Theory

In the first section of this book we will introduce the basic concepts of a range of topics related to ancient DNA, from how Next Generation Sequencing (NGS) sequencing works, to the fundamental biochemistry of ancient DNA, to the phylogenomic analysis of reconstructed genomes.

The content of this section of the book were originally delivered as lectures, and each chapter will have a recording of the lectures and the accompanying slides.

Lectures

Introduction to NGS Sequencing

In this chapter, we will introduce how we are able to convert DNA molecules to human readable sequences of A, C, T, and Gs, which we can subsequently can computationally analyse.

The field of Ancient DNA was revolutionised by the development of ‘Next Generation Sequencing’ (NGS), which relies on sequencing of millions of short fragments of DNA in parallel. The global leading DNA sequencing company is Illumina, and the technology used by Illumina is also most popular by palaeogeneticists. Therefore we will go through the various technologies behind Illumina next-generation sequencing machines.

We will also look at some important differences in the way different models of Illumina sequences work, and how this can influence ancient DNA research. Finally we will cover the structure of ‘FASTQ’ files, the most popular file format for representing the DNA sequence output of NGS sequencing machines.

Introduction to Ancient DNA

This chapter introduces you to ancient DNA and the enormous technological changes that have taken place since the field’s origins in 1984. Starting with the quagga and proceeding to microbes, we discuss where ancient microbial DNA can be found in the archaeological record and examine how ancient DNA is defined by its condition, not by a fixed age.

We next cover genome basics and take an in-depth look at the way DNA degrades over time. We detail the fundamentals of DNA damage, including the specific chemical processes that lead to DNA fragmentation and C->T miscoding lesions. We then demystify the DNA damage “smiley plot” and explain the how the plot’s symmetry or asymmetry is related to the specific enzymes used to repair DNA during library construction. We discuss how DNA damage is and is not clock-like, how to interpret and troubleshoot DNA damage plots, and how DNA damage patters can be used to authenticate ancient samples, specific taxa, and even sequences. We cover laboratory strategies for removing or reducing damage for greater accuracy for genotype calling, and we discuss the pros and cons of single-stranded library protocols. We then take a closer look at proofreading and non-proofreading polymerases and note key steps in NGS library preparation during which enzyme selection is critical in ancient DNA studies.

Finally, we examine the big picture of why DNA damage matters in ancient microbial studies, and its effects on taxonomic identification of sequences, accurate genome mapping, and metagenomic assembly.

Introduction to Metagenomics

This chapter introduces you to the basics of metagenomics, with an emphasis on tools and approaches that are used to study ancient metagenomes. We begin by covering the basic terminology used in metagenomics and microbiome research and discuss how the field has changed over time. We examine the species concept for microbes and challenges that arise in classifying microbial species with respect to taxonomy and phylogeny. We then proceed to taxonomic profiling and discuss the pros and cons of different taxonomic profilers.

Afterwards, we explain how to estimate preservation in ancient metagenomic samples and how to clean up your datasets and remove contaminants.

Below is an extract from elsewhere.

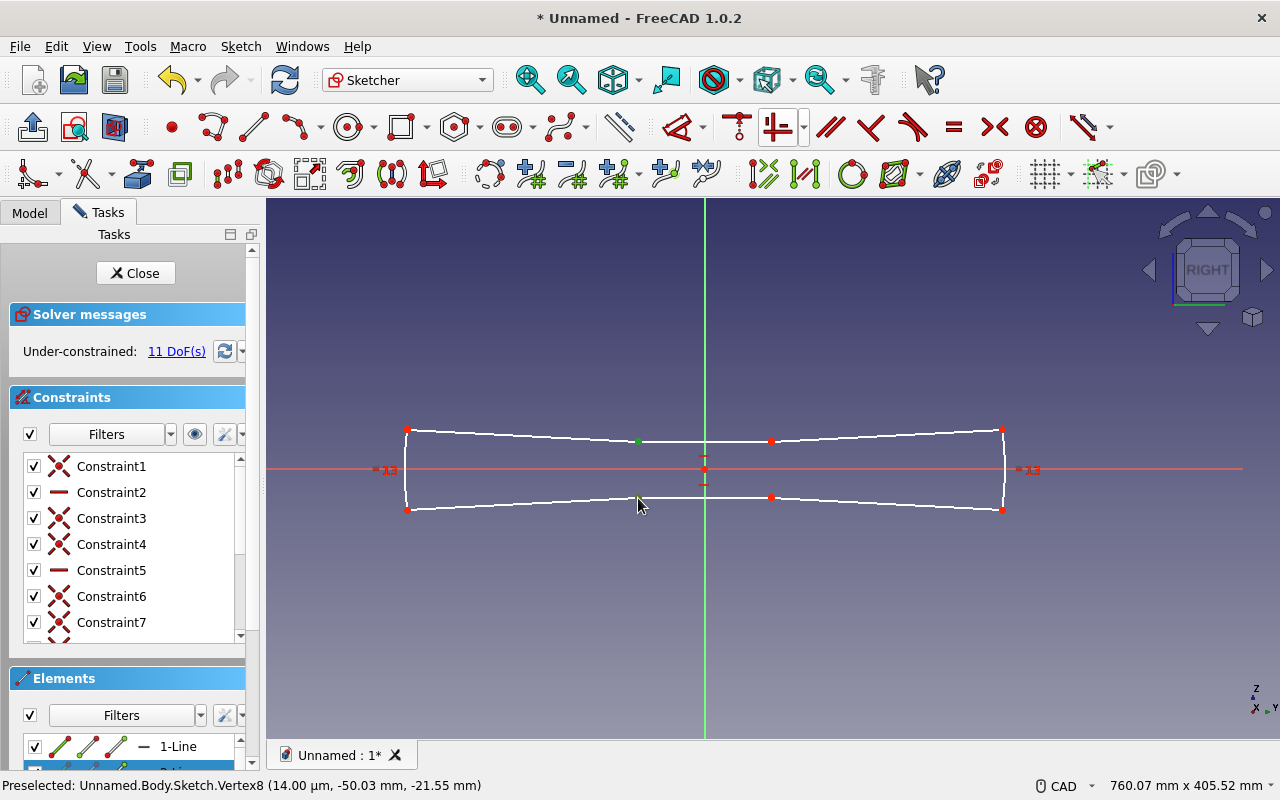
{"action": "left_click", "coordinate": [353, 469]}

Finally, we discuss strategies for exploring and comparing the ecological diversity in your samples, including different strategies for data normalization, distance calculation, and ordination.

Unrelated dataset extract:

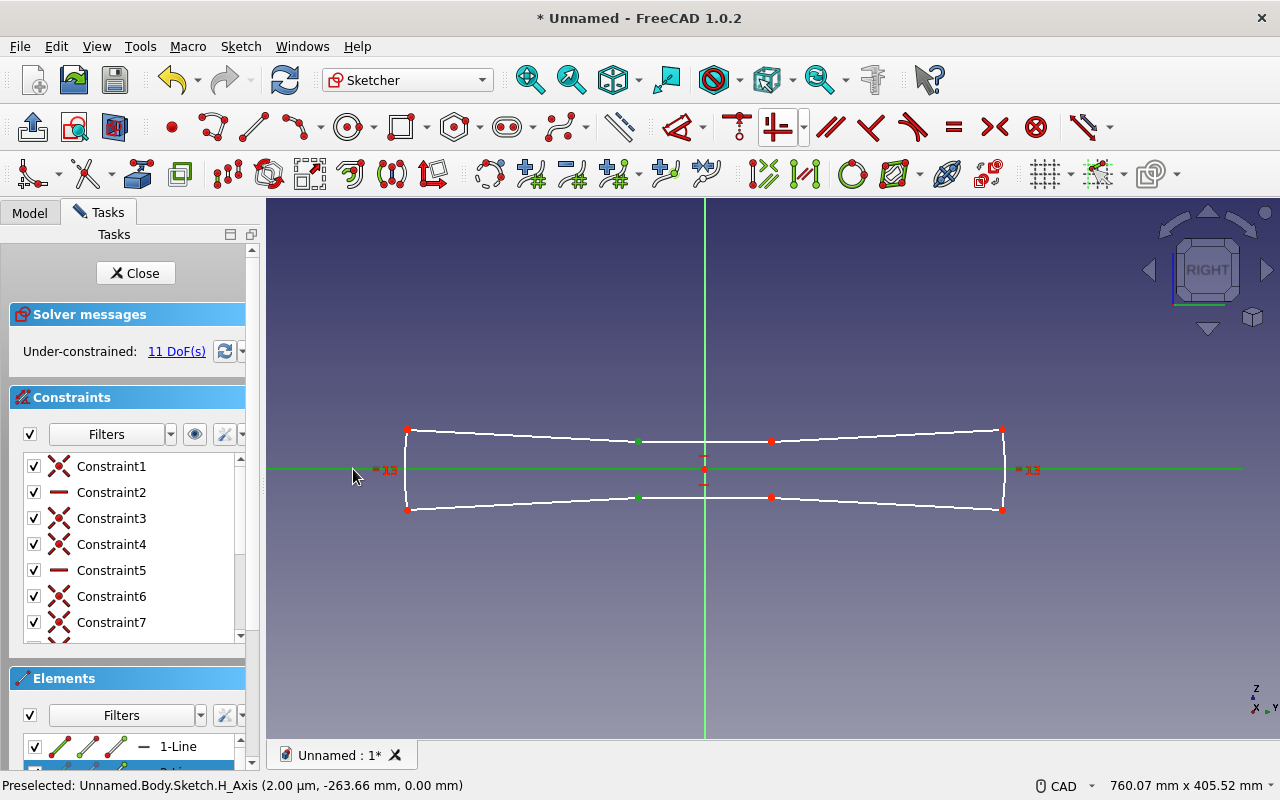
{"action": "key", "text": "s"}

Introduction to Microbial Genomics

The field of microbial genomics aims at the reconstruction and comparative analyses of genomes for gaining insights into the genetic foundation and evolution of various functional aspects such as virulence mechanisms in pathogens.

Including data from ancient samples into this comparative assessment allows for studying these evolutionary changes through time. This, for example, provides insights into the emergence of human pathogens and their development in conjunction with human cultural transitions.

In this chapter we will look examples for how to utilise data from ancient genomes in comparative studies of human pathogens and today’s practical sessions will highlight methodologies for the reconstruction of microbial genomes.

Introduction to Evolutionary Biology

Pathogen genome data are an invaluable source of information about the evolution and spread of these organisms. This chapter will focus on molecular phylogenetic methods and the insight that they can reveal from improving our understanding of ancient evolution to the epidemiological dynamics of current outbreaks.

The first section will introduce phylognenetic trees and a set of core terms and concepts for their interpretation. Next, it will focus on some of the most popular approaches to inferring phylogenetic trees; those based on genetic distance, maximum likelihood, and Bayesian inference. These methods carry important considerations regarding the process that generated the data, computational capability, and data quality, all of which will be discussed here. Finally, we will direct our attention to examples of analyses of ancient and modern pathogens (e.g. Yersinia pestis, Hepatitis B virus, SARS-CoV-2) and critically assess appropriate choice of models and methods.